The reduction in the size of the second product stream 246b allows
the second product stream 246b to be recycled to the coal
gasification process 210. Recycling of the carbon-containing second
product stream 246b improves carbon conversion in the
coal-to-liquid hydrocarbon production process 200 and decreases the
amount of carbon-based pollutants produced by the process.

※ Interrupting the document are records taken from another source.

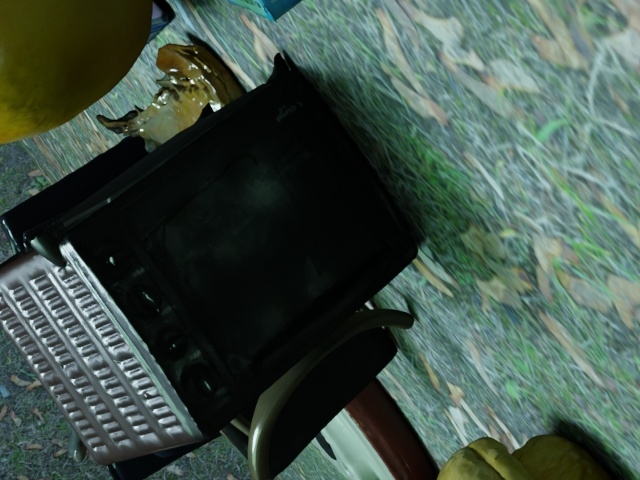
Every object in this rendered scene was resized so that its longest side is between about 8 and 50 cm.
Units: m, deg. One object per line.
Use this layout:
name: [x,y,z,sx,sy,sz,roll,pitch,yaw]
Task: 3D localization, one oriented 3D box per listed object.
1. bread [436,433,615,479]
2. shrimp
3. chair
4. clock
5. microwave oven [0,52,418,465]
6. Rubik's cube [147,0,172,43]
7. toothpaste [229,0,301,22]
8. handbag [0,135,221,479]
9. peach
bread: [0.177,0.239,1.166,0.236,0.120,0.198,50,170,13]
shrimp: [-0.129,-0.130,1.455,0.262,0.066,0.117,15,124,52]
chair: [-0.035,0.104,1.439,0.166,0.188,0.272,51,170,-35]
clock: [0.010,0.188,1.829,0.318,0.080,0.318,51,169,14]
microwave oven: [-0.084,0.015,1.151,0.178,0.247,0.188,54,147,-7]
Rubik's cube: [-0.207,-0.184,1.434,0.178,0.190,0.211,16,150,44]
toothpaste: [-0.079,-0.199,1.036,0.065,0.050,0.266,60,168,-29]
handbag: [-0.168,0.073,1.587,0.118,0.269,0.326,31,146,49]
peach: [-0.266,-0.200,1.238,0.289,0.289,0.308,50,163,14]
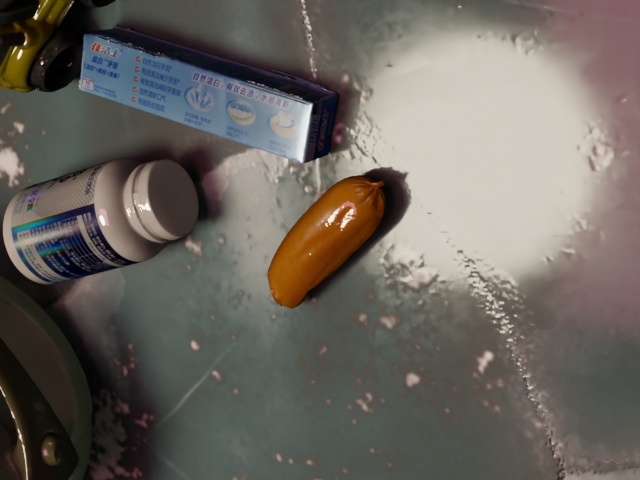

[0087] In still other embodiments of the invention, tail gases 291,
light fuel components, or a mixture of tail gases 291 and light
fuel components from a Fischer-Tropsch process 260 of a
coal-to-liquid hydrocarbon production process 200 may be recycled
to the coal gasification process 210. In particular,
carbon-containing tail gases 291 and any light fuel components may
be fed to the entrained flow gasifier 216, or other gasification
unit, to facilitate the conversion of the carbon in the coal to
desirable fuel products. An example of such recycling is
illustrated in FIG. 5.
[0088] As illustrated in FIG. 5, the tail gases 291 from a
Fischer-Tropsch process 260 are recycled to the entrained flow
gasifier 216. The tail gases 291 may undergo compression in
compressor 299 before being fed to the entrained flow gasifier 216.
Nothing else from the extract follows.